Les amis des talibans
Dans les années 80, le Saoudien Oussama Ben Laden fut l'un des principaux
recruteurs des quelque 35.000 militants islamistes arabes, africains et
asiatiques qui luttèrent contre l'Armée rouge. Ben Laden bénéficia du soutien
des autorités américaines et de celui, sur place, de la CIA.
Au Pakistan, en 1993, avec le retour au pouvoir de Benazir Bhutto, les talibans
connurent un essor inespéré.
Issus d'un mouvement apparu en Inde pendant la période coloniale, les
"déobantis" se proposaient de régénérer la société musulmane sunnite et de
mettre les textes islamiques classiques en harmonie avec la réalité de l'époque.
Ils créèrent des écoles (madrassas) qui, après la partition de l'Inde en 1947,
se développèrent au Pakistan.
Les déobantis créèrent un parti politique, la Jamaat-Ulema-e-Islami (JUI). Pour
revenir aux affaires, Benazir Bhutto eut besoin des militants de la JUI et
décida de les utiliser pour contrer l'influence des islamistes proches de
l'ancien pouvoir.
Sous la dictature du général Zia ul-Haq, la conduite de la guerre menée en
Afghanistan par les groupes islamistes sous contrôle du Pakistan était dirigée
par les services secrets pakistanais, avec l'approbation et le soutien des
États-Unis.
Pendant le conflit, et jusqu'à l'arrivée au pouvoir de Benazir Bhutto, la JUI
établit des centaines d'écoles le long de la ceinture pachtoune entre le
Pakistan et l'Afghanistan. Ces écoles dirigées par des mollahs souvent
analphabètes "produisirent" des centaines d'étudiants (talibans).
Les États-Unis et l'Arabie saoudite soutinrent la JUI, l'aidèrent à financer ses
usines à talibans et favorisèrent leur entrée en Afghanistan pour y mener une
guerre de conquête, dès l'automne 1994.
Le 27 septembre 1996, les talibans prirent Kaboul.

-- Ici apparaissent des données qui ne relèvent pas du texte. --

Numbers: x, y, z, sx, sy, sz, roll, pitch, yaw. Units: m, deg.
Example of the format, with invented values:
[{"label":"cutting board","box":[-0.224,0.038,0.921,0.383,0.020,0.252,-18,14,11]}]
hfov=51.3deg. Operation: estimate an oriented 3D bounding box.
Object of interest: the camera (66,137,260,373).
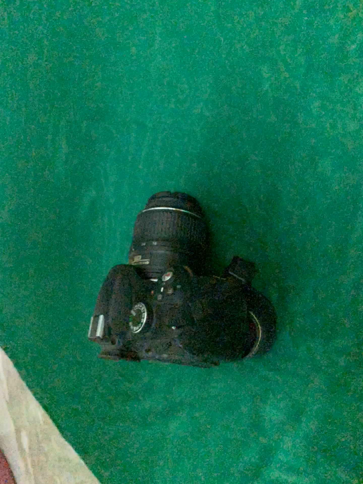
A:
[{"label":"camera","box":[-0.018,0.027,0.338,0.134,0.099,0.166,-20,62,48]}]
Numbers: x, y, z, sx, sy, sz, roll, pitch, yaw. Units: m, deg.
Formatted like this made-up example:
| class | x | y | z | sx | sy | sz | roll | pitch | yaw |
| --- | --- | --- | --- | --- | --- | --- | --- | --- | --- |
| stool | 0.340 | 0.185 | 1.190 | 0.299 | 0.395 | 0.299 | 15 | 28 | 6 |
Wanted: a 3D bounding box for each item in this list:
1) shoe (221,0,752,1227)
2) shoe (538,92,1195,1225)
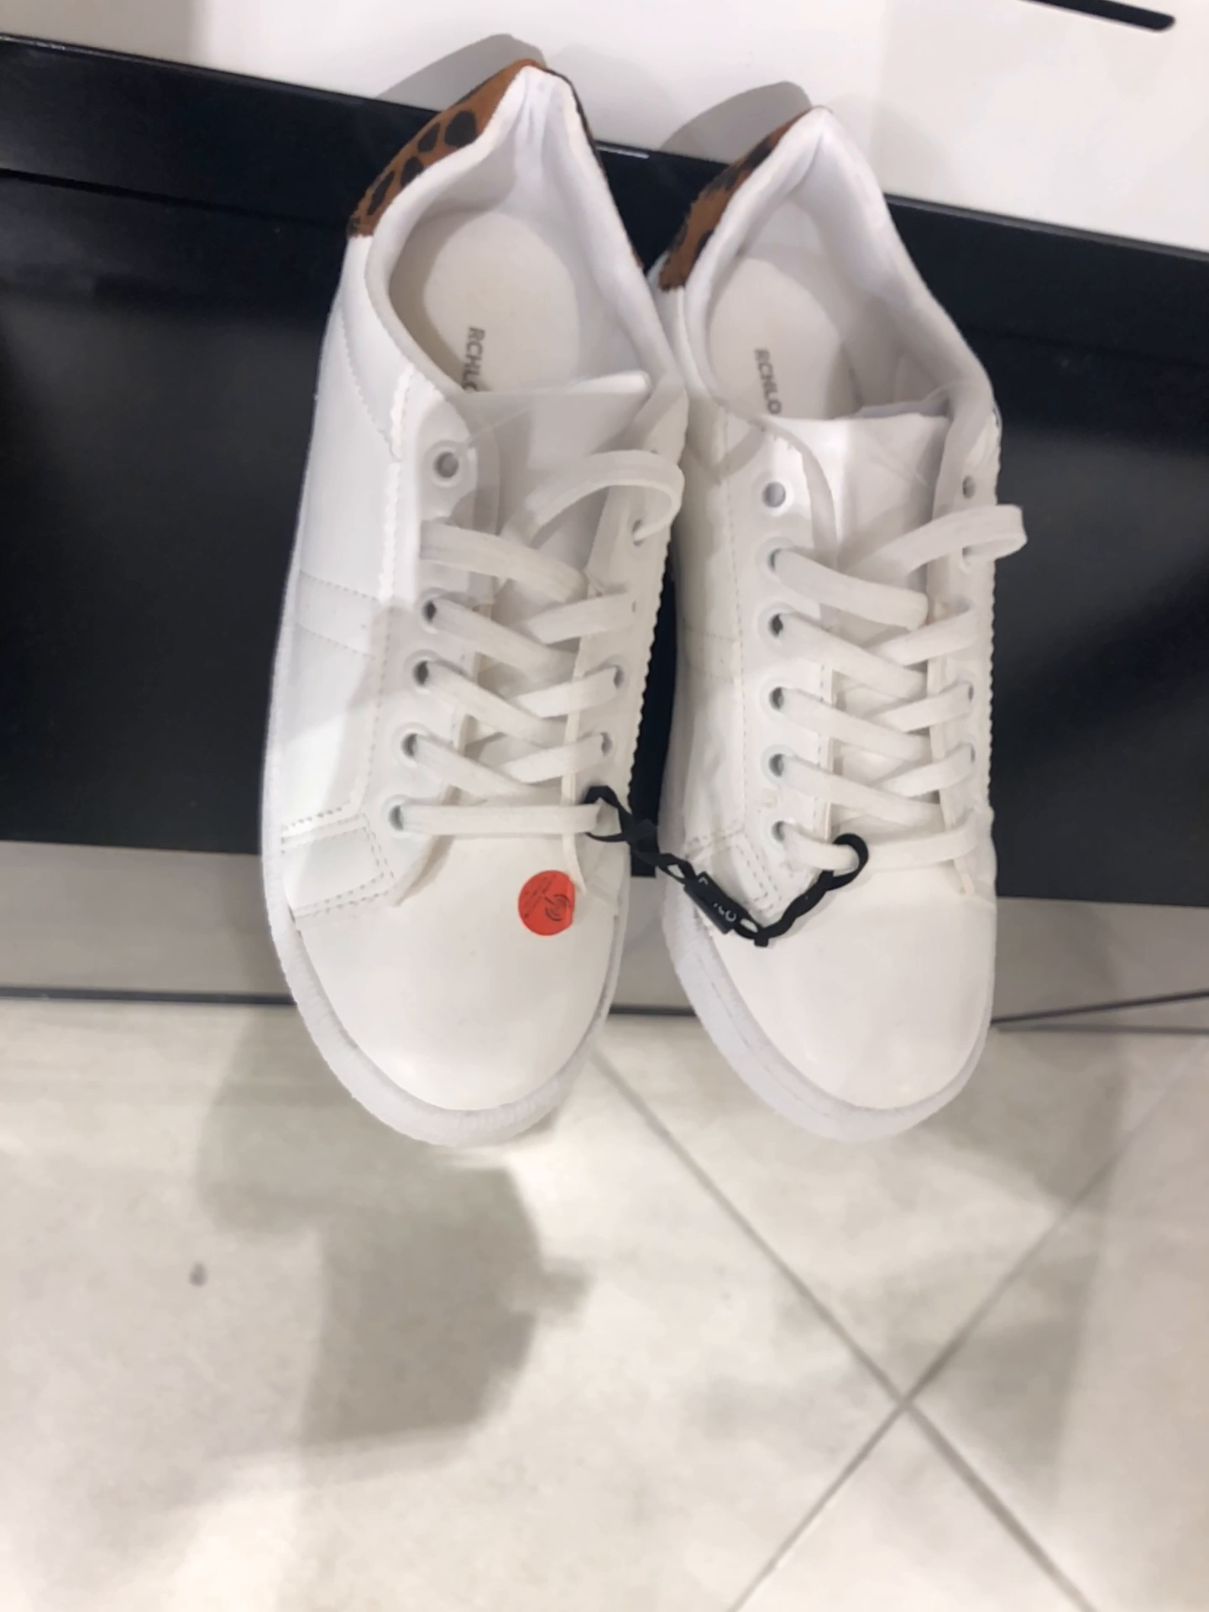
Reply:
| class | x | y | z | sx | sy | sz | roll | pitch | yaw |
| --- | --- | --- | --- | --- | --- | --- | --- | --- | --- |
| shoe | -0.031 | -0.033 | 0.292 | 0.090 | 0.100 | 0.220 | 1 | 81 | -13 |
| shoe | 0.049 | -0.030 | 0.314 | 0.090 | 0.100 | 0.220 | -4 | 82 | -15 |

En arrivant dans la capitale
afghane, ils se précipitèrent dans un bâtiment placé sous contrôle de l'ONU pour
se saisir de l'ancien président communiste, Najibullah, le torturèrent, puis
l'attachèrent au pare-chocs d'une voiture pour le traîner dans la ville avant de
le pendre à un réverbère.
Rétablir l'ordre
Après s'être rendus maîtres de la ville, les talibans appliquent aussitôt leur
conception de la Charia, la loi islamique. Des dizaines d'amputations sont
pratiquées, les femmes souvent bastonnées à mort lorsqu'elles laissent entrevoir
un peu de leur chevelure. Le travail leur est interdit, ce qui implique que les
40.000 veuves de Kaboul sont réduites à la mendicité.
Deux jours après la prise de la capitale afghane, l'émissaire des Nations unies
pour l'Afghanistan, Robert Hole, engage aussitôt le dialogue avec les nouveaux
maîtres de Kaboul ne voyant "aucune objection" à ce que les talibans appliquent
la Charia, à condition qu'"ils rétablissent rapidement l'ordre".
Les États-Unis suivent attentivement la progression des talibans. En octobre
1995, ceux-ci s'emparent d'Herat, une ville proche de la frontière avec le
Turkmenistan.
Le 21 octobre, la société pétrolière américaine, Unocal, signe un contrat de 3
millards de dollars avec le chef de l'État turkmène, Saparmourad Nyazov, pour la
construction d'un gazoduc devant relier le Turkmenistan au Pakistan en
traversant l'Afghanistan. Pour cette opération, Unocal s'est associée avec une
société saoudienne, Delta Oil.
Toujours en 1996, Oussama Ben Laden revient en Afghanistan, il a développé une
relation d'amitié avec le chef suprême des talibans, le mollah Mohammed Omar.
L'influence de Ben Laden n'a cessé de se faire sentir auprès des talibans depuis
cette époque. C'est lui qui met en contact les "Afghans" arabes et les talibans.
C'est lui qui propage l'idéologie pan-islamiste parmi ces "étudiants" sans
culture. Les prises de position anti-américaines et anti-saoudiennes des
talibans sont, semble-t-il, dues à son influence croissante. Mis au ban de la
communauté internationale, surtout depuis les actions hostiles à l'égard des
États-Unis déclenchées par Ben Laden, le pouvoir taliban en ressent une
frustration dont il semble avoir trouvé l'exutoire en détruisant les témoignages
du passé.
[...]
Les talibans sont néanmoins revenus au centre de l'actualité internationale,
objets d'une réprobation presque unanime. Mais, si l'on évoque le passé,
faudra-t-il se rappeler qui les a fait rois?